[Entries taken from a collection]
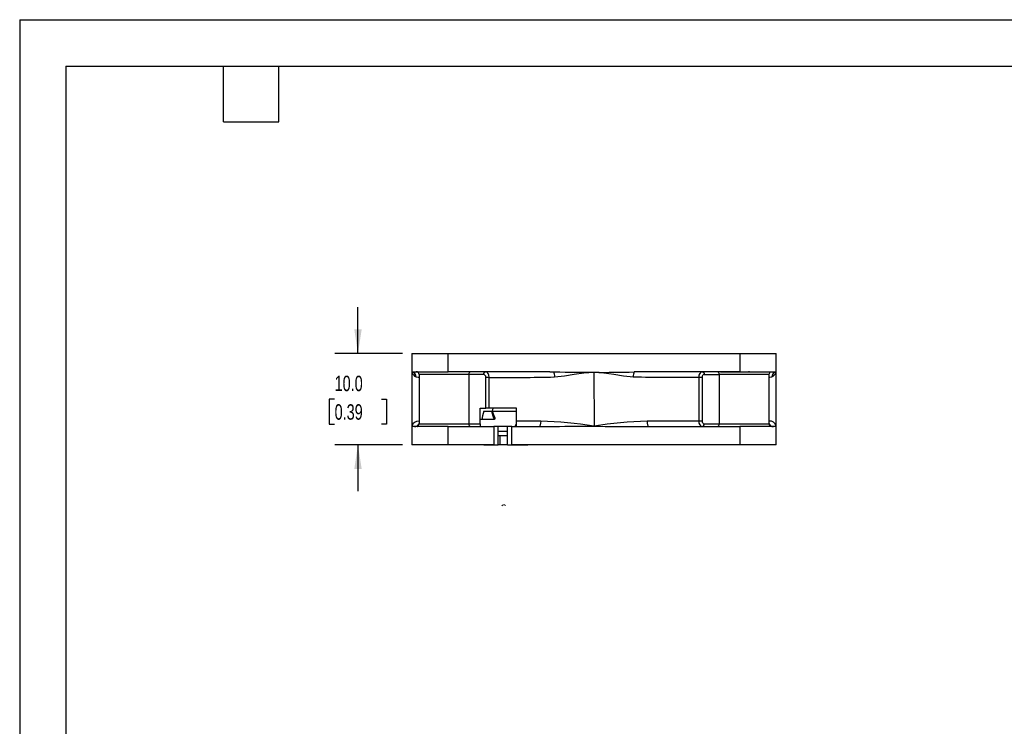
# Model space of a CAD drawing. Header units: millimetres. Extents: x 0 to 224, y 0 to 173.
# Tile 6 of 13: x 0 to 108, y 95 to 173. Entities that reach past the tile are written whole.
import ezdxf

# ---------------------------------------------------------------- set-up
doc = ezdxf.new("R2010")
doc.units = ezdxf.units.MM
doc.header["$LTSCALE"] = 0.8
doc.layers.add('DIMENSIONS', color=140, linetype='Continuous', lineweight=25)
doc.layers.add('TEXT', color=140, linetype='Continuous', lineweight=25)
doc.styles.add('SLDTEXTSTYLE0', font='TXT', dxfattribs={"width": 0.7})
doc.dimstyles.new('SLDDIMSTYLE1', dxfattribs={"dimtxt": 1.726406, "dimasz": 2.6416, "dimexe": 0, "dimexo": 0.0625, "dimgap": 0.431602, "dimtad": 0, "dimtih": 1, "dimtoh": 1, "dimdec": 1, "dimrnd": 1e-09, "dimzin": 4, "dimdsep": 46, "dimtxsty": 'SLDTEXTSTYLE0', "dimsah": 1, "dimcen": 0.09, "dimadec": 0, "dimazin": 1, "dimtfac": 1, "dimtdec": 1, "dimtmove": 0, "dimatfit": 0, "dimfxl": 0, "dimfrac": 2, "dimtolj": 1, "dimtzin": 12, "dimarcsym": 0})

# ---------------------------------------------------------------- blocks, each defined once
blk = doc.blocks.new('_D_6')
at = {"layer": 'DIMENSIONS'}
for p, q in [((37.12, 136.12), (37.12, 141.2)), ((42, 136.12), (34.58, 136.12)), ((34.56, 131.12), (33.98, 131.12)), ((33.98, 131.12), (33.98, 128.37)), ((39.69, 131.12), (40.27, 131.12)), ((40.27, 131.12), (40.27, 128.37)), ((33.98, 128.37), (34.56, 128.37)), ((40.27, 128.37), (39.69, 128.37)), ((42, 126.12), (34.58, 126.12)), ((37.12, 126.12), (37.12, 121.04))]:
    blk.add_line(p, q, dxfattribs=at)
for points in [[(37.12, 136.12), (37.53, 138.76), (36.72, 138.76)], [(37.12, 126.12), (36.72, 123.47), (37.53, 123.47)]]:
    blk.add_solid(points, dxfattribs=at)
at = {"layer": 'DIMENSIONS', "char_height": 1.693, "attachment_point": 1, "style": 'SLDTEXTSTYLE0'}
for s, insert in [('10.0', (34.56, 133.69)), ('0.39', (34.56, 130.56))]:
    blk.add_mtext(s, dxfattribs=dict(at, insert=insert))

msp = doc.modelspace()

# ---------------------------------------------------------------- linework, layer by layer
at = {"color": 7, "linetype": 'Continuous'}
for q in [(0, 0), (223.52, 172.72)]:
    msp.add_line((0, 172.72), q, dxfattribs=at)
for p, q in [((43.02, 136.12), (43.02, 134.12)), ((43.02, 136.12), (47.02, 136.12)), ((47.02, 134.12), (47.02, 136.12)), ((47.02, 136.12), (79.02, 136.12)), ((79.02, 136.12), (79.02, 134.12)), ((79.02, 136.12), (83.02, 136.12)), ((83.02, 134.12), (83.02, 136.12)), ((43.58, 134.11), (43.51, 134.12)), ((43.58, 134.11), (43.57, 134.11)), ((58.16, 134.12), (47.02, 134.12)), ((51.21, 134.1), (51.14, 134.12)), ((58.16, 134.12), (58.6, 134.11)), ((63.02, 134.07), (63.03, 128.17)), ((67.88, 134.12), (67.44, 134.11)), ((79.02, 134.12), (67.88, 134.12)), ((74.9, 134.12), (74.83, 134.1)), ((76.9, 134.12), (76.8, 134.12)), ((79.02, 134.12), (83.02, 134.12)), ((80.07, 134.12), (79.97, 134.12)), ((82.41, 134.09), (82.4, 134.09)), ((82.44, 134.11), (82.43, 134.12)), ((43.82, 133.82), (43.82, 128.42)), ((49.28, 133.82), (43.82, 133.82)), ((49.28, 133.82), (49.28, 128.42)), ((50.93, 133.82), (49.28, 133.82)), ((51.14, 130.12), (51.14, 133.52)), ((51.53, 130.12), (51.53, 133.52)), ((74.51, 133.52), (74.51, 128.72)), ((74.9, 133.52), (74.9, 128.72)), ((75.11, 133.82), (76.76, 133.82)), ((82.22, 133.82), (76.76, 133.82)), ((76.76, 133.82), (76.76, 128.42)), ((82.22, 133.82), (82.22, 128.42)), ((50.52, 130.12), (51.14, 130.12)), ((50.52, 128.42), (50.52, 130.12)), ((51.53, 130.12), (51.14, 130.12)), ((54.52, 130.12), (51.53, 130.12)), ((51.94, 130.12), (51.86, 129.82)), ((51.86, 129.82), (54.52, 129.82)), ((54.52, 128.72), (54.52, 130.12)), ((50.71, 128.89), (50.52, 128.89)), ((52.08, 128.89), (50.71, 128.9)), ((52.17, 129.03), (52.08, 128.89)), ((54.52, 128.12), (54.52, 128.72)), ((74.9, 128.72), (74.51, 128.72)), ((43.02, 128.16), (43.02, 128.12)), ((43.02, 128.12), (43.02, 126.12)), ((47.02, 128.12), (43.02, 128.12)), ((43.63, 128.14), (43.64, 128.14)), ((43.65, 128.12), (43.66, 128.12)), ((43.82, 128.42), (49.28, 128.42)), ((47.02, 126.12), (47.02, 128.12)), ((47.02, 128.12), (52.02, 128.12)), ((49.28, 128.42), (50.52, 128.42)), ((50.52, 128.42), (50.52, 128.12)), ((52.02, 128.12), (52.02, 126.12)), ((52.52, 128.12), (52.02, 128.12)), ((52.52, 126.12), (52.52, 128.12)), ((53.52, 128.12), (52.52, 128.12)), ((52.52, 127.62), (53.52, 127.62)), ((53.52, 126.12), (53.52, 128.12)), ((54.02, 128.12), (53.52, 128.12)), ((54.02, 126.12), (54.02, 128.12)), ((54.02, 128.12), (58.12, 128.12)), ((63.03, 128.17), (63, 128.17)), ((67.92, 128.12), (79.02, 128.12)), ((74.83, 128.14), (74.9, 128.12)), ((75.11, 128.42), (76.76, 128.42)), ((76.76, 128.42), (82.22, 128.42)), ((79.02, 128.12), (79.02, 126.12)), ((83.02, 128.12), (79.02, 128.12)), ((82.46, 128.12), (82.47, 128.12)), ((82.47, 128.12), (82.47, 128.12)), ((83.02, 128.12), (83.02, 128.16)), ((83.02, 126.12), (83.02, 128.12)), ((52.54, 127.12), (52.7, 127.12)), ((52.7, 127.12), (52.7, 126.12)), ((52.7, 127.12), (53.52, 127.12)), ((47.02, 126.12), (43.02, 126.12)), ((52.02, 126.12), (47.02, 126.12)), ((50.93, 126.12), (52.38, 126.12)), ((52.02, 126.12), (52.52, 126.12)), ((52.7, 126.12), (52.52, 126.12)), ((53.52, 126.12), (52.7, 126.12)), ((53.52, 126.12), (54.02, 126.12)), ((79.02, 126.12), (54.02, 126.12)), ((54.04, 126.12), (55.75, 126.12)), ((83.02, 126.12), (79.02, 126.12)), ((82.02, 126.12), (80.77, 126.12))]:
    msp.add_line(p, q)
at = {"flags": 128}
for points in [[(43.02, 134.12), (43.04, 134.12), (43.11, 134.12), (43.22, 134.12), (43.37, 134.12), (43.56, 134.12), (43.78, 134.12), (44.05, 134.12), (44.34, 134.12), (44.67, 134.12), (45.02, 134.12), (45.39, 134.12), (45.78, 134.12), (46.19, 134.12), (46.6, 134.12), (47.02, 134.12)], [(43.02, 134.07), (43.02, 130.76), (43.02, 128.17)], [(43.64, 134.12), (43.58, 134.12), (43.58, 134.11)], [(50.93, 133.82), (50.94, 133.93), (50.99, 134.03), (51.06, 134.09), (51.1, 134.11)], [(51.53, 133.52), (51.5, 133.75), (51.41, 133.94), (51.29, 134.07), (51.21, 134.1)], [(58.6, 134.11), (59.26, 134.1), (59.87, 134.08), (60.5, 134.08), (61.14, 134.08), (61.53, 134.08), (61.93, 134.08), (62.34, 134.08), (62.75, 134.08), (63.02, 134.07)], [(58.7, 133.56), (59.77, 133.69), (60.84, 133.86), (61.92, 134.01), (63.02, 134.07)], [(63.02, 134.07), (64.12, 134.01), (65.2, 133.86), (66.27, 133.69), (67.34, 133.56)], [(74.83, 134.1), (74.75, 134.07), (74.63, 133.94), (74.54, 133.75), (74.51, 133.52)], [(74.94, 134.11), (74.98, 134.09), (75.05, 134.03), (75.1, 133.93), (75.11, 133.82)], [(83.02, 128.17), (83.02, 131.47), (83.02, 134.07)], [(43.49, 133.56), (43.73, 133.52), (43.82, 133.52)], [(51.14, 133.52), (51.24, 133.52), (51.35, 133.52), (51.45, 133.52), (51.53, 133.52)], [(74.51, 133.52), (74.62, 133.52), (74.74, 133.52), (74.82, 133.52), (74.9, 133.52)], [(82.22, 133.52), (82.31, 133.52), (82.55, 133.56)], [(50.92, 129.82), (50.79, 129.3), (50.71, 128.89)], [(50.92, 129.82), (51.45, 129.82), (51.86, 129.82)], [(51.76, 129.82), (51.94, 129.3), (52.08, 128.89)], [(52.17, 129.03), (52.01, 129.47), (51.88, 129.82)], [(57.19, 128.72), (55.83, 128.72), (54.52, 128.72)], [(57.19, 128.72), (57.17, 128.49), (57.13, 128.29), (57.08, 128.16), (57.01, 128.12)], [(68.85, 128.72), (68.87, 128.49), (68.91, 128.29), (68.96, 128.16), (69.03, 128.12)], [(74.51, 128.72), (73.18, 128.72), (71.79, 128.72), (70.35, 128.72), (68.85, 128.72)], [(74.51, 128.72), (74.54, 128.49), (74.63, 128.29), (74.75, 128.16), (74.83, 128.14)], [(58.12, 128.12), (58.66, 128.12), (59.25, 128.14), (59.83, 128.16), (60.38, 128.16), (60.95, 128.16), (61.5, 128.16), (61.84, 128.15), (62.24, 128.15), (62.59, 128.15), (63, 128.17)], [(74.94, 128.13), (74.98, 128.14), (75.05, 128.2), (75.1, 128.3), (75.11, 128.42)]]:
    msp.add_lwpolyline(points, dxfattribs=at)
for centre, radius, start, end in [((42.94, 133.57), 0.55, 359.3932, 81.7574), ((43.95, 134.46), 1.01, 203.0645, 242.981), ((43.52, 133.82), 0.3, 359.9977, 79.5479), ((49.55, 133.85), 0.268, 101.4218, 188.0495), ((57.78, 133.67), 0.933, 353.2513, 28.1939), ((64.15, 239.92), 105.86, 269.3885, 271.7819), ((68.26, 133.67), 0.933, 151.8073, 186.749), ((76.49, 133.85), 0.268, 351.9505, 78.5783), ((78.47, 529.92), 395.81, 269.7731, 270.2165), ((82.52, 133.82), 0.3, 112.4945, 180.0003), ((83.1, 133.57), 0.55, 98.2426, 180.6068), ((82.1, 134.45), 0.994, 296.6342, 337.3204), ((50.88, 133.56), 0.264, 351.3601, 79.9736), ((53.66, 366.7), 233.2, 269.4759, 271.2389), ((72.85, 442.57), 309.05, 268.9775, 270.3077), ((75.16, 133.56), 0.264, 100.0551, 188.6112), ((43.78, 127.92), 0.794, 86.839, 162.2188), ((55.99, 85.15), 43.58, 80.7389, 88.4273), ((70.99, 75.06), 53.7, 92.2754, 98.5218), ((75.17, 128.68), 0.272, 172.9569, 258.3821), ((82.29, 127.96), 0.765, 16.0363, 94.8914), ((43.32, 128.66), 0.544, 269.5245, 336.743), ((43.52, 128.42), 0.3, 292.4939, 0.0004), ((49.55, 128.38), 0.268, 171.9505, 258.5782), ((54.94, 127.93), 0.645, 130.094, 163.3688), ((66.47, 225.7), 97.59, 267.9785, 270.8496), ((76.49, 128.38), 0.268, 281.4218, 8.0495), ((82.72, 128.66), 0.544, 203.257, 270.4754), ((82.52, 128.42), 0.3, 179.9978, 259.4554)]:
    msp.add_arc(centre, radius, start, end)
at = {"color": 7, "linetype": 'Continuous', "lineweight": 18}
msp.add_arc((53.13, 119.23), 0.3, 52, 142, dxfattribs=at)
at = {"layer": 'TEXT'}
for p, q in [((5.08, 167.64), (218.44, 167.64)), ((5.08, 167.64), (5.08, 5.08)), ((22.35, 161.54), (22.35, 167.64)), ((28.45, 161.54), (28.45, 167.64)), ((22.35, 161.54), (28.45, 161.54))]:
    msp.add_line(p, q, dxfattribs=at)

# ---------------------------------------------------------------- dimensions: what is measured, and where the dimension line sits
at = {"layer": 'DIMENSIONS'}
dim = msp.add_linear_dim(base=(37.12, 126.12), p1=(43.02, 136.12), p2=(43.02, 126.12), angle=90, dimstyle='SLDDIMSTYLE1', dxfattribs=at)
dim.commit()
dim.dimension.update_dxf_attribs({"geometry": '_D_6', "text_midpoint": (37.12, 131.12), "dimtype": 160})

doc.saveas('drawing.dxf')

▶ _REQUIREMENT_
If a line in the records above has the word "insert", copy it.

▶ _EXERCISE ANSWER_
for s, insert in [('10.0', (34.56, 133.69)), ('0.39', (34.56, 130.56))]:
    blk.add_mtext(s, dxfattribs=dict(at, insert=insert))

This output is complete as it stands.